**What is needed**
Could you reproduce, from the records below, everything from the line with "#8 cosmetic package <box>60,153,271,485</box>" down to the line with "#12 boat shoe <box>161,0,270,208</box>", keeping both of those lines and changing nothing?

**Exercise input**
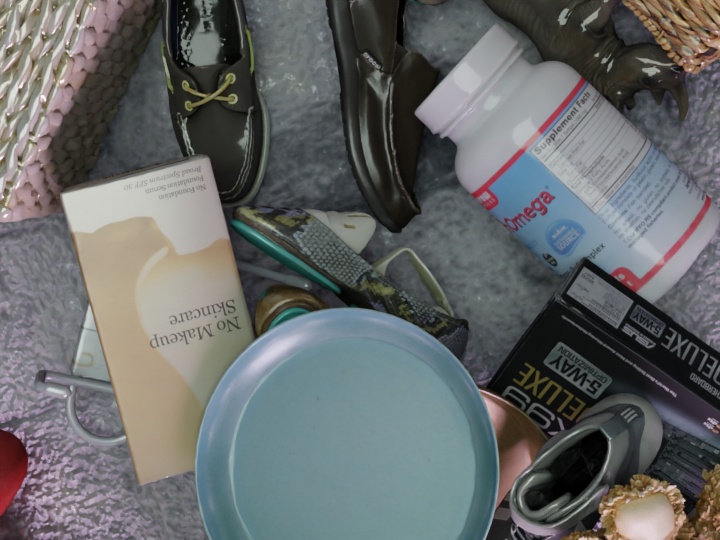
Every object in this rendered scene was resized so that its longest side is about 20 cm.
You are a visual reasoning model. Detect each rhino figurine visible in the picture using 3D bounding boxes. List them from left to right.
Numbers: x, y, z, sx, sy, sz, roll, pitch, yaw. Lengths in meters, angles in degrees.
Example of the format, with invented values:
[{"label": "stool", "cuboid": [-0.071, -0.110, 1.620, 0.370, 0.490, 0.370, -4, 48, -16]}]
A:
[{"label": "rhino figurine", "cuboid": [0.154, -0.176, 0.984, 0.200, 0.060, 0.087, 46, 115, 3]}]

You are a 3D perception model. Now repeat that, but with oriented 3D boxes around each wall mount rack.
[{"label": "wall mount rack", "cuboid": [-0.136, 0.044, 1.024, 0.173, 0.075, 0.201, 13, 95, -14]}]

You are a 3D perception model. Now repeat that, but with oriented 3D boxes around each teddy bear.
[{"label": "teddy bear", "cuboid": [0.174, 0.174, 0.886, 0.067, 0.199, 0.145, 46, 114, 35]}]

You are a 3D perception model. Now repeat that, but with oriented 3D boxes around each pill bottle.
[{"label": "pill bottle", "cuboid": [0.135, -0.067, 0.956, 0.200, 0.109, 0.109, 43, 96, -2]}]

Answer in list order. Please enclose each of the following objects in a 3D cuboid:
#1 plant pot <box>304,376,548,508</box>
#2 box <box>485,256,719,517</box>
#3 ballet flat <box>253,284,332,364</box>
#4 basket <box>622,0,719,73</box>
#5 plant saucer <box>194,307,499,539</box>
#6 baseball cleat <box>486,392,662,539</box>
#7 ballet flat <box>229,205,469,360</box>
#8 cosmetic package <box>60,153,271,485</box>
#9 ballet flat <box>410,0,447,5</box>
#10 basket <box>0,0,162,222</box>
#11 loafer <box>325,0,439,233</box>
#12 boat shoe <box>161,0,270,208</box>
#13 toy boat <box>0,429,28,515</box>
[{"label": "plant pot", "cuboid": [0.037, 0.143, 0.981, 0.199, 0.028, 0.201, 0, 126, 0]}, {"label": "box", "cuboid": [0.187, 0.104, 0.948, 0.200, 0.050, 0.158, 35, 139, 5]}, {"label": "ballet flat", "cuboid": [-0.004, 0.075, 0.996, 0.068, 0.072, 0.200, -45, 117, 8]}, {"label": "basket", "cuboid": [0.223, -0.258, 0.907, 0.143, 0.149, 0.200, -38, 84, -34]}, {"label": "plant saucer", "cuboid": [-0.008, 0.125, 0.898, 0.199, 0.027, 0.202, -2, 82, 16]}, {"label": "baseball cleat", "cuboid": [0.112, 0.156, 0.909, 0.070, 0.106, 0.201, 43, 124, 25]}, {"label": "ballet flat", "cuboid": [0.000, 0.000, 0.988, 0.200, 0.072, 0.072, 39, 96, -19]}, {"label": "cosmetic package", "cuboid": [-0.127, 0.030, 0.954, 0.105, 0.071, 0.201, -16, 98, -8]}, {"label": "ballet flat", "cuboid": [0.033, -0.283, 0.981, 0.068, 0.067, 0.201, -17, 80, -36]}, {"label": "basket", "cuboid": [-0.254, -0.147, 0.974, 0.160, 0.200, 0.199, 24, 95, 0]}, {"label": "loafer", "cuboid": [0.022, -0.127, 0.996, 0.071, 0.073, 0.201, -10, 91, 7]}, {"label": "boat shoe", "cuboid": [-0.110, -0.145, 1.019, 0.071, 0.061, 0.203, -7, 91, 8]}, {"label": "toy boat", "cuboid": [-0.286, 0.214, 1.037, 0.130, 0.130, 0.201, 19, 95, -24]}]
==
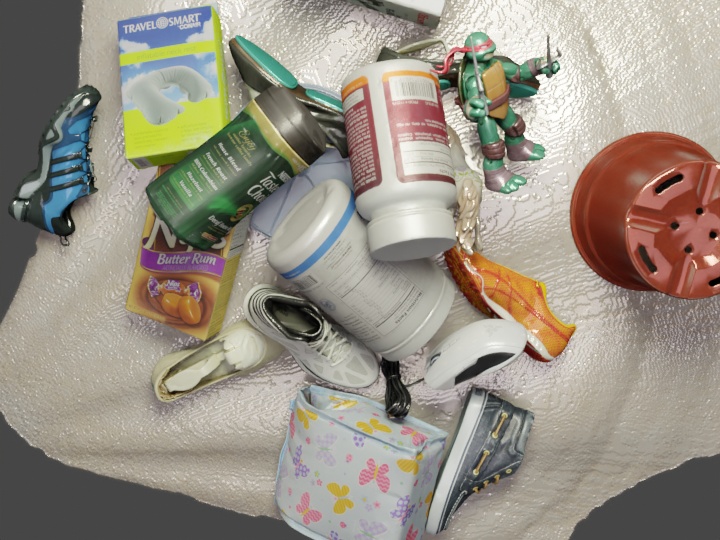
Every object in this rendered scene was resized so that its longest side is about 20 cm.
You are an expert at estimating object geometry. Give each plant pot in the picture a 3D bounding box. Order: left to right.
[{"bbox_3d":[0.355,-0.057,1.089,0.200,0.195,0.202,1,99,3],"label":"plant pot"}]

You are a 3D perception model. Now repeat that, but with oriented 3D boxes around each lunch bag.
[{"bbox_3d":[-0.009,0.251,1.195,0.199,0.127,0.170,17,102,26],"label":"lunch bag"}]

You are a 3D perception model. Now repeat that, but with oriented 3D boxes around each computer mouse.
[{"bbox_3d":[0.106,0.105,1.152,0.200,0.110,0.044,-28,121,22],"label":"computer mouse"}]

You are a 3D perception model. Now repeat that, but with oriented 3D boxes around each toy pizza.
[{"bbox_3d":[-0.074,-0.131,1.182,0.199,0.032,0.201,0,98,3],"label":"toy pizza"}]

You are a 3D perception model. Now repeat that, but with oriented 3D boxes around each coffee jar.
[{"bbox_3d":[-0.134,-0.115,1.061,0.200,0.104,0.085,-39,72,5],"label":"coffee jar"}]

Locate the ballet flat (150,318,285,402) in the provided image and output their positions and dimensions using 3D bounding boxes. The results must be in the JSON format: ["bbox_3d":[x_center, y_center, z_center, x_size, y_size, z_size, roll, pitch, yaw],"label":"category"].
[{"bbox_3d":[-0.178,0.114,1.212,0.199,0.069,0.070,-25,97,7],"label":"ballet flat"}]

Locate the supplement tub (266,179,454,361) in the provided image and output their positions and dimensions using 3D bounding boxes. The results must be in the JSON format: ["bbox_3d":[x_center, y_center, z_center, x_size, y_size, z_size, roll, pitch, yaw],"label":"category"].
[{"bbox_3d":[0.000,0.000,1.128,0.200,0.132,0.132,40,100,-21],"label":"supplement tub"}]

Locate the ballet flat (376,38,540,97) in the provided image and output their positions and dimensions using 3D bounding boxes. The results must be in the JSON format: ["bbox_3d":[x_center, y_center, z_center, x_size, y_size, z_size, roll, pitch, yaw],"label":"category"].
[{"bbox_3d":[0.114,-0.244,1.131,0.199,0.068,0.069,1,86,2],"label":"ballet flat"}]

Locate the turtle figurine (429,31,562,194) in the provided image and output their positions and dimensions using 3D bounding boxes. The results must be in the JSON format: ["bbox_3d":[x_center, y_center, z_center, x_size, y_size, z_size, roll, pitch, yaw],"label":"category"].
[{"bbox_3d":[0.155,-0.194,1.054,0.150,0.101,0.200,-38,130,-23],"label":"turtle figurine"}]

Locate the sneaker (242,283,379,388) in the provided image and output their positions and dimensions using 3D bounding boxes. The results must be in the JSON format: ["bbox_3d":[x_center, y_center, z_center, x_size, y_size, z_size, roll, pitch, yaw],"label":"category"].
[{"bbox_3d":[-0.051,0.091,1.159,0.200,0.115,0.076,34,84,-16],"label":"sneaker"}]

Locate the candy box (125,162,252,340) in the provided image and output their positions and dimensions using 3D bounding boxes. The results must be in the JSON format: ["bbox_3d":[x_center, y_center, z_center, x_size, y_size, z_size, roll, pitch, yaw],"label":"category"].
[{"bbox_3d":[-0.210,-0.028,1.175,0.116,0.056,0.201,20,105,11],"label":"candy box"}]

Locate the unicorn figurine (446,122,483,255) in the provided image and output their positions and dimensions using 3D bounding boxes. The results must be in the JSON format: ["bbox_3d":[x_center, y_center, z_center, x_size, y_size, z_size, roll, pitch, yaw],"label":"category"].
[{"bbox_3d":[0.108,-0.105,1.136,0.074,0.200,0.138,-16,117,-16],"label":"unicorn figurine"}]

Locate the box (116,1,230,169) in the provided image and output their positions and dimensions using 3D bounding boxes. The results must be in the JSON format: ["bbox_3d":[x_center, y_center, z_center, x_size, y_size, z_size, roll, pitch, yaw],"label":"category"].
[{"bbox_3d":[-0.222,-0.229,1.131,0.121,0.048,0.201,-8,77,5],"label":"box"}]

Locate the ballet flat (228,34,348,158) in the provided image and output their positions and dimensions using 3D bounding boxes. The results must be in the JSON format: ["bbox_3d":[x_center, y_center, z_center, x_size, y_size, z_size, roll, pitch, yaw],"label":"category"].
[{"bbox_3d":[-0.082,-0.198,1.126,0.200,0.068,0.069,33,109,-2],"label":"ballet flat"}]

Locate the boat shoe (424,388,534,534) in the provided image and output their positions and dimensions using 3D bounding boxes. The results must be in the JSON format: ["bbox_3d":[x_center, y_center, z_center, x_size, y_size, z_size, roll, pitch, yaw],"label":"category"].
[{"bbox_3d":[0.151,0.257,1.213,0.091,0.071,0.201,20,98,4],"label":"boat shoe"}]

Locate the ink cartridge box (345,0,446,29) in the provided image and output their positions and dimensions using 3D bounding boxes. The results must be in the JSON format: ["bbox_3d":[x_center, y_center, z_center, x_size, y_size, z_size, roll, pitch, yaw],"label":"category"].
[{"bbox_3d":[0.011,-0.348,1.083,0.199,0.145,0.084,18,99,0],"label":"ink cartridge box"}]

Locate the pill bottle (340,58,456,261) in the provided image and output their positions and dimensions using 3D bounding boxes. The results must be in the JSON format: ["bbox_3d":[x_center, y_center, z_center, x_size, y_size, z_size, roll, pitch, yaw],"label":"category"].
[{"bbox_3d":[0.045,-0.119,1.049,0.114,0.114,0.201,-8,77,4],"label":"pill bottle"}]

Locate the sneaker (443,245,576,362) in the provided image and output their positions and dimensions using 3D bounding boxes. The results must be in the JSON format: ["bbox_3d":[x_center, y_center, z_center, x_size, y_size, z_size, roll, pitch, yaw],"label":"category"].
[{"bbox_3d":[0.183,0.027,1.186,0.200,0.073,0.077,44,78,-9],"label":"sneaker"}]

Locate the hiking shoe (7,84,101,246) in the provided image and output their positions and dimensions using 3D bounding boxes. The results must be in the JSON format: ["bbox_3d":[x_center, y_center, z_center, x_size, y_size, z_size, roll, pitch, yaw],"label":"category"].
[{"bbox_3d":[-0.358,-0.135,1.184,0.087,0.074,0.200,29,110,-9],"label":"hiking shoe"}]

**Problem solution**
#8 cosmetic package <box>60,153,271,485</box>
#9 ballet flat <box>410,0,447,5</box>
#10 basket <box>0,0,162,222</box>
#11 loafer <box>325,0,439,233</box>
#12 boat shoe <box>161,0,270,208</box>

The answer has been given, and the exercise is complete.